Utah Court of Appeals

Can an adult child obtain a protective order against a parent under Utah law? Martin v. Colonna Explained

2009 UT App 227
No. 20071017-CA
August 20, 2009
Reversed

Summary

Martin sought a protective order against her father after he allegedly threatened her during a phone call. The district court dismissed her petition, concluding she was not a cohabitant and that no substantial likelihood of domestic violence existed because the threatening phone call was inadvertent.

Analysis

In Martin v. Colonna, the Utah Court of Appeals addressed whether an adult child can obtain a protective order against a parent and what circumstances justify such relief under Utah’s Cohabitant Abuse Act.

Background and Facts

Tamra Martin sought a protective order against her father, Anthony Colonna, following a phone call in which she alleged he threatened her. Martin lived with her father until her parents divorced when she was ten, after which she lived with her mother. The parties had minimal contact for years until August 2007, when Martin’s father called her mother’s house about a missing movie rental card. Martin answered the phone, and her father became angry during the conversation, unaware that Martin was living at her mother’s house.

Key Legal Issues

The court addressed two critical questions: whether an adult child qualifies as a cohabitant under Utah Code § 78B-7-102(2)(c), and whether inadvertent contact precludes a finding of substantial likelihood of abuse under the protective order statute.

Court’s Analysis and Holding

The Court of Appeals held that Martin qualified as a cohabitant because she was an adult related by blood to her father. The statute defines cohabitant as including persons “16 years or older who… is related by blood… to the other party,” while excluding only relationships between natural parents and minor children. The district court had erroneously concluded that Martin and her father were never cohabitants after she reached majority.
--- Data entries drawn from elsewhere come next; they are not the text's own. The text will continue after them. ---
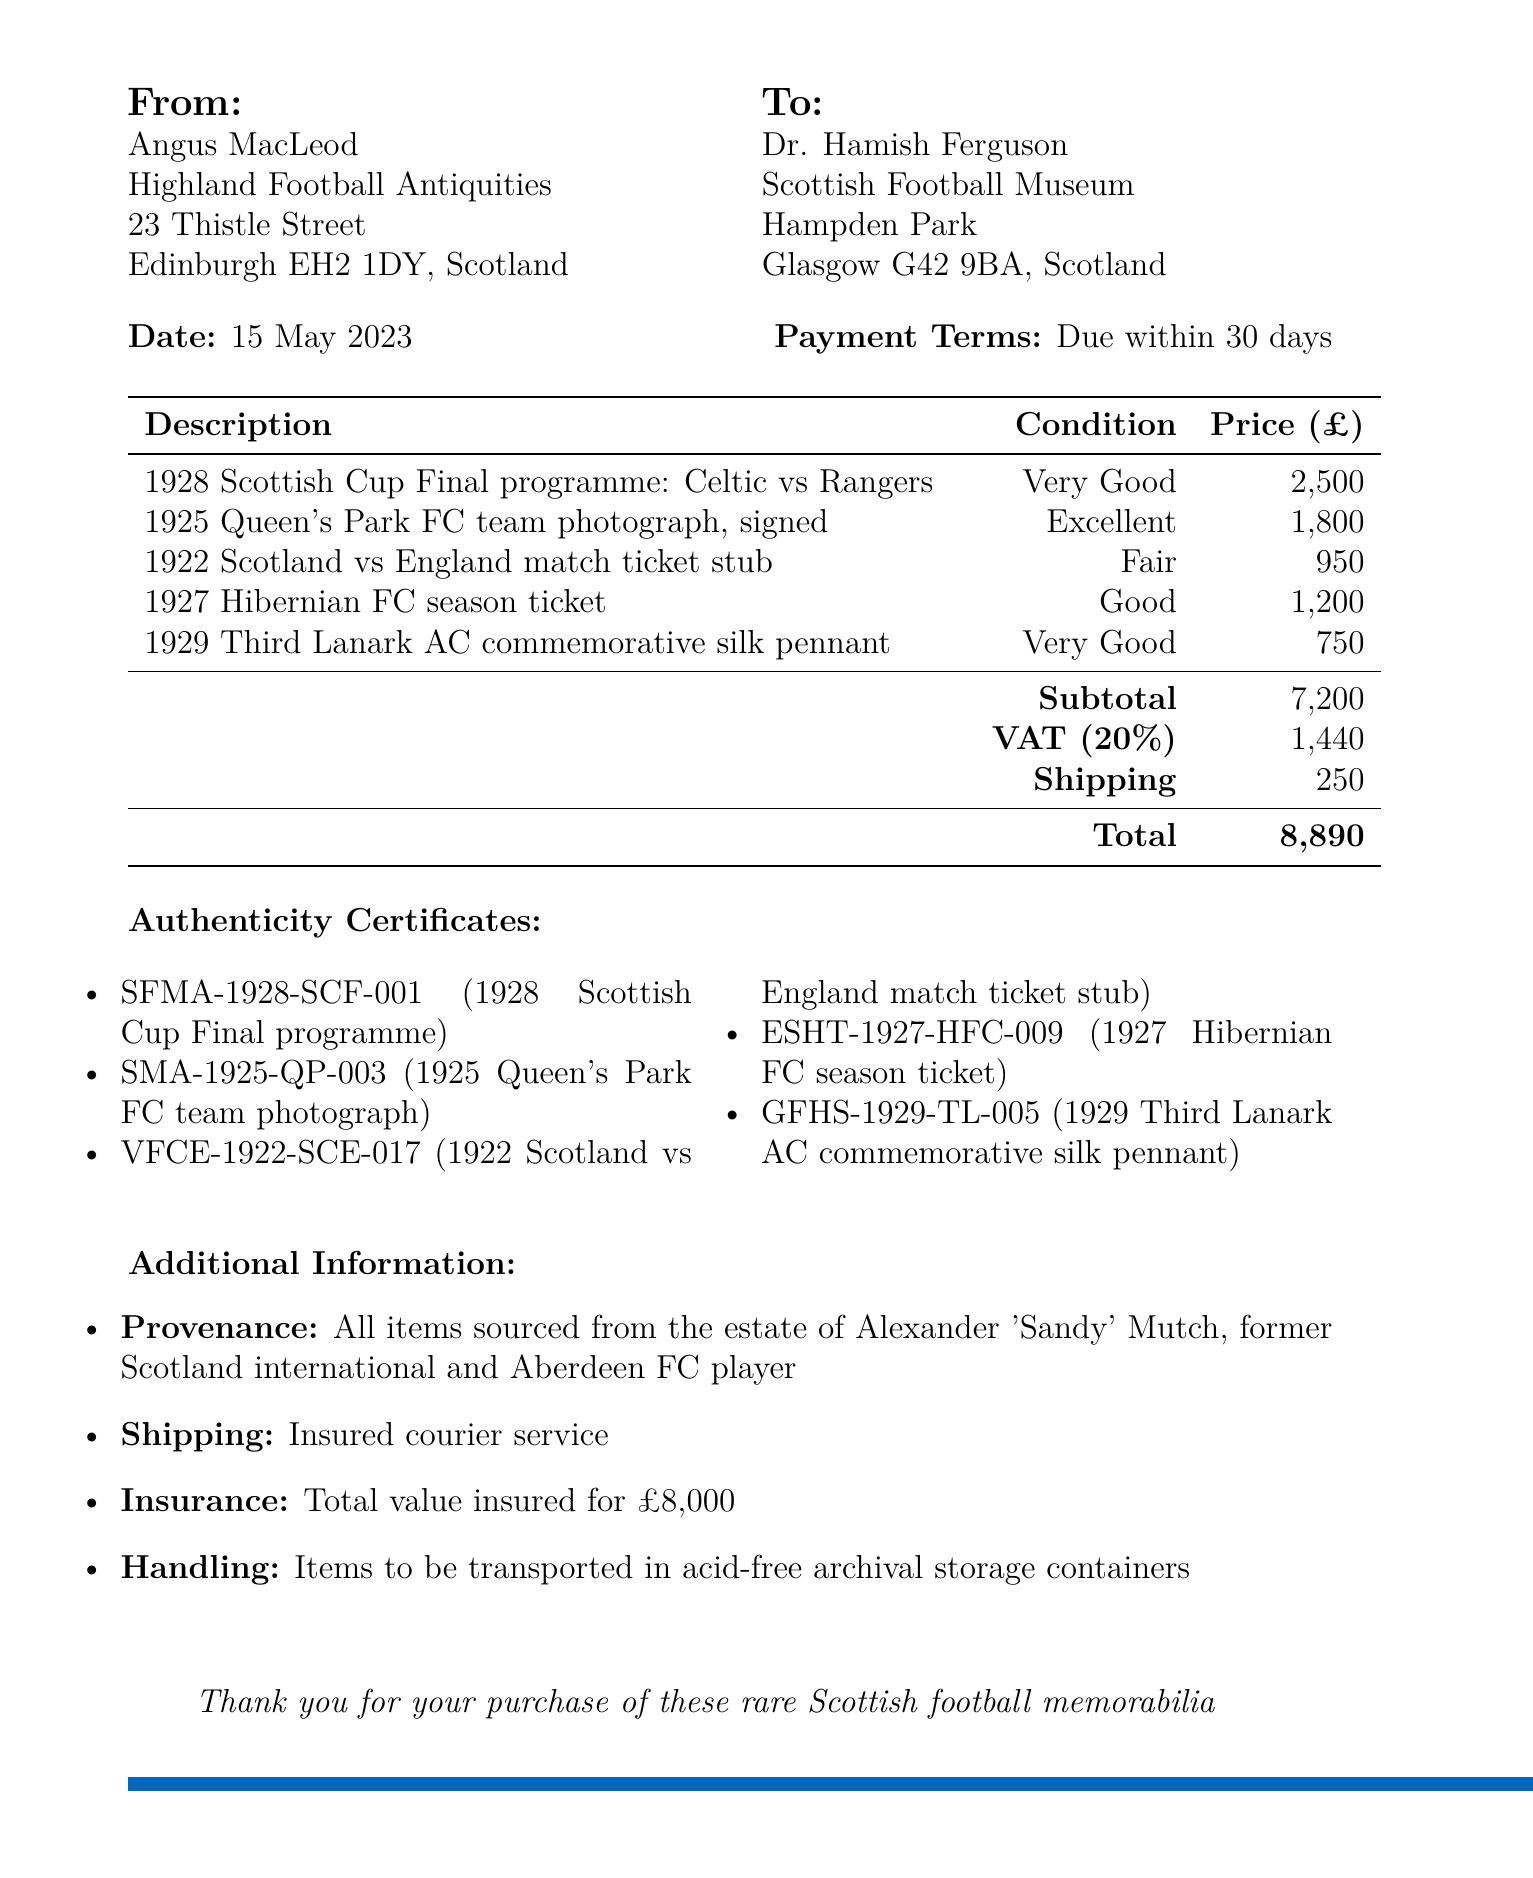What is the invoice number? The invoice number is listed directly in the document and is uniquely assigned to this transaction.
Answer: HFA-2023-0142 Who is the seller of the items? The seller's name and company are provided at the top of the document, identifying who sold the memorabilia.
Answer: Angus MacLeod, Highland Football Antiquities What is the total amount due? The total amount is calculated as the sum of the subtotal, VAT, and shipping costs listed in the document.
Answer: 8890 What is the provenance of the items? The provenance section details the sourcing of the items, reflecting their historical significance.
Answer: All items sourced from the estate of Alexander 'Sandy' Mutch What authenticity certificate number corresponds to the 1925 Queen's Park FC team photograph? The document itemizes each item along with its corresponding certificate number for authenticity verification.
Answer: SMA-1925-QP-003 How many items are listed in the invoice? The count of the items is derived from the itemized list included in the document.
Answer: 5 What is the shipping method stated in the document? The shipping details provide insight into how the items will be delivered, ensuring their safety during transit.
Answer: Insured courier service What condition is the 1922 Scotland vs England match ticket stub listed as? The condition of each item is provided, which is essential for collectors assessing the item's quality.
Answer: Fair What is the VAT rate applied in the invoice? The document specifies the VAT amount, which is based on a percentage of the subtotal, giving insight into applicable taxes.
Answer: 20% 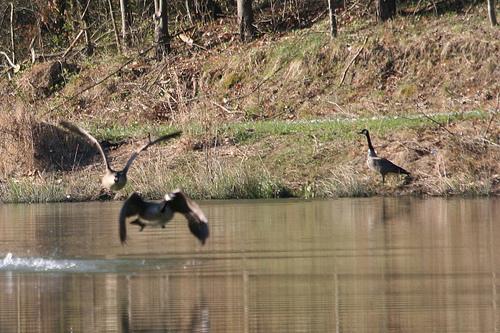How many geese are there?
Short answer required. 3. What is the animal doing?
Short answer required. Flying. How many cranes?
Give a very brief answer. 3. Are these geese taking off or landing?
Answer briefly. Taking off. What are the geese flying over?
Give a very brief answer. Water. Are the birds in the water?
Quick response, please. No. What animal does that look like?
Write a very short answer. Goose.

Regarding the substantial likelihood standard, the court rejected the district court’s reasoning that inadvertent contact automatically precludes a protective order. The proper inquiry is whether the father intentionally threatened Martin during the call, regardless of whether the contact itself was inadvertent, and whether this created reasonable fear of imminent physical harm.

Practice Implications

This decision clarifies that the Cohabitant Abuse Act extends protection to adult children seeking relief from abusive parents. Practitioners should focus on whether threatening behavior occurred and created reasonable fear, rather than the circumstances leading to the contact. The court emphasized that past abuse during minority, while insufficient alone for relief, may contribute to the reasonableness of an adult child’s fear of future harm.

Original Opinion

Link to Original Case

Case Details

Case Name

Martin v. Colonna

Citation

2009 UT App 227

Court

Utah Court of Appeals

Case Number

No. 20071017-CA

Date Decided

August 20, 2009

Outcome

Reversed

Holding

An adult child who is related by blood to a parent qualifies as a cohabitant under the Cohabitant Abuse Act and may seek a protective order based on substantial likelihood of abuse, even if the threatening contact was inadvertent.

Standard of Review

Correctness for questions of law

Practice Tip

When seeking protective orders under the Cohabitant Abuse Act, focus on whether the alleged threat occurred and created reasonable fear of harm, rather than whether the contact leading to the threat was intentional or inadvertent.